We introduce Variational Latent Mode Decomposition (VLMD), a new algorithm for extracting oscillatory modes and associated connectivity structures from multivariate signals. VLMD addresses key limitations of existing Multivariate Mode Decomposition (MMD) techniques -including high computational cost, sensitivity to parameter choices, and weak modeling of interchannel dependencies. Its improved performance is driven by a novel underlying model, Latent Mode Decomposition (LMD), which blends sparse coding and mode decomposition to represent multichannel signals as sparse linear combinations of shared latent components composed of AM-FM oscillatory modes. This formulation enables VLMD to operate in a lower-dimensional latent space, enhancing robustness to noise, scalability, and interpretability. The algorithm solves a constrained variational optimization problem that jointly enforces reconstruction fidelity, sparsity, and frequency regularization. Experiments on synthetic and real-world datasets demonstrate that VLMD outperforms state-of-the-art MMD methods in accuracy, efficiency, and interpretability of extracted structures.

Figures (9)

• Figure 1: Performance comparison. IMs correlation error and frequency MAPE for the MEMD, MVMD and VLMD algorithms across the three main studied scenarios for different level of noise. Each bar shows the average results corresponding to the 10 different studied cases for each studied scenario and noise seeds.

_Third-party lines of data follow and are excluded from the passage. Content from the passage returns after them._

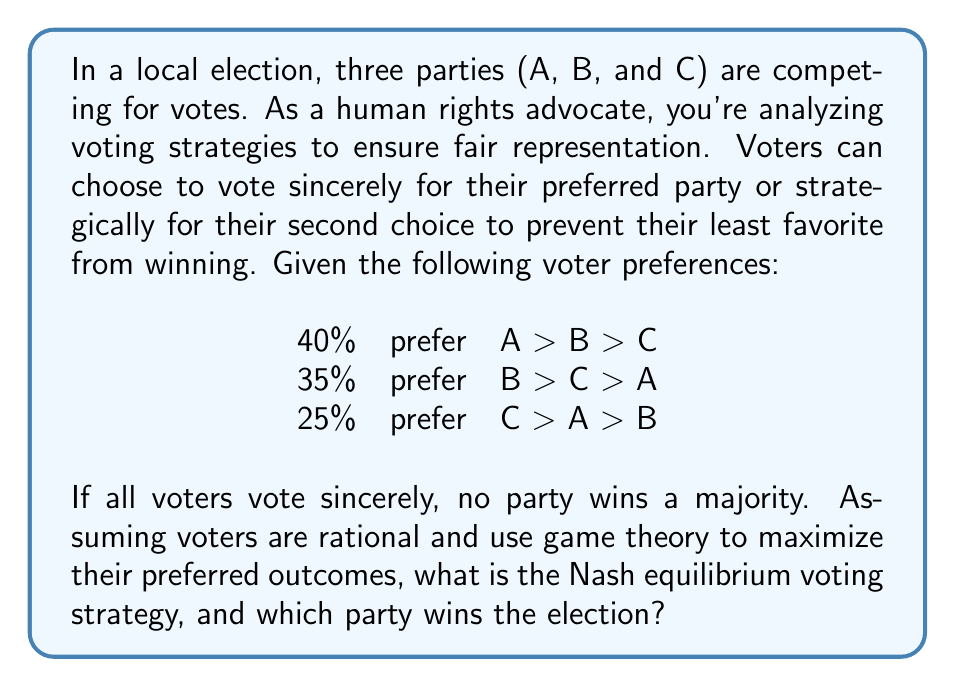Show me your answer to this math problem. To solve this problem, we need to analyze the potential strategies and outcomes using game theory principles:

1. Sincere voting scenario:
   Party A: 40%
   Party B: 35%
   Party C: 25%
   
   No party wins a majority (>50%).

2. Strategic voting analysis:
   - C voters (25%) can't influence the outcome alone, so they'll vote sincerely.
   - A voters (40%) prefer B over C, so they might consider voting for B strategically.
   - B voters (35%) prefer C over A, but voting for C would lead to A winning, so they'll vote sincerely.

3. Nash equilibrium calculation:
   Let $x$ be the fraction of A voters who vote strategically for B.
   
   Party A votes: $40(1-x)\%$
   Party B votes: $35 + 40x\%$
   Party C votes: $25\%$

   For B to win, we need:
   $35 + 40x > 40(1-x)$ and $35 + 40x > 25$

   Solving these inequalities:
   $75x > 5$ and $x > -0.25$
   
   $x > \frac{1}{15} \approx 0.0667$

4. Nash equilibrium strategy:
   If more than 6.67% of A voters vote strategically for B, B will win.
   All A voters have an incentive to vote strategically once this threshold is crossed.

5. Outcome:
   The Nash equilibrium is for all A voters to vote for B strategically.
   Final vote distribution:
   Party A: 0%
   Party B: 75%
   Party C: 25%
Answer: The Nash equilibrium voting strategy is for all voters who prefer Party A to vote strategically for Party B, while B and C voters vote sincerely. Party B wins the election with 75% of the votes. 
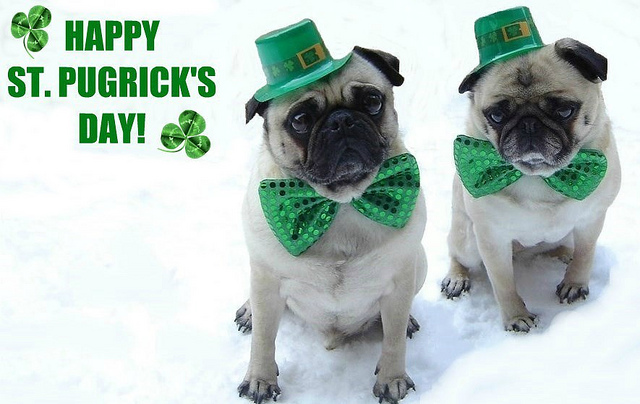What could a humorous caption for this image be? "When your human tells you to dress up for St. Patrick's Day and suddenly you're the center of every party!" What would the pugs' personalities be like if they could talk? The pug on the left would be the charismatic party planner, always ready with a witty joke and a mischievous glint in his eye. The pug on the right might be the more serious, thoughtful friend who loves to tell stories of old folklore and is always concerned with proper holiday attire. Together, they'd make a dynamic duo spreading joy and cheer. 
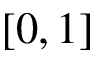Convert formula to latex. <formula><loc_0><loc_0><loc_500><loc_500>[ 0 , 1 ]</formula>

• Figure 2: Estimated frequencies per iteration. Evolution of the central frequencies, $\omega_{k}$, estimated by VLMD and MVMD respectively per iteration for Scenario A and B for different level of noise. Each line depicts the average central frequency estimated by each algorithm per iteration for all the studied cases. The horizontal dashed lines correspond to the ground truth.
• Figure 3: Overestimation of the number of modes. IMs correlation error of VLMD and MVMD algorithms for varying numbers of selected modes. The results belong to the analysis of the data from Scenario A, where $K=5$ corresponds to the ground truth (see Table \ref{['tab:SynthParameters']}). The figure also displays several panels (A-D), corresponding to varying noise levels. Each bar represents the average correlation error for 5 different studied cases with different initialization seeds.
• Figure 4: IMs for four selected countries. This figure illustrates the obtained IMs for four selected countries. Each subplot also depict the main period (central frequency) associated with each IM.
• Figure 5: Coefficient matrix of the exchange rate dataset. Heatmap of the values from the coefficient matrix from VLMD. Each row corresponds to a specific channel from the data associated with each studied country, whereas each column corresponds to a specific latent channel.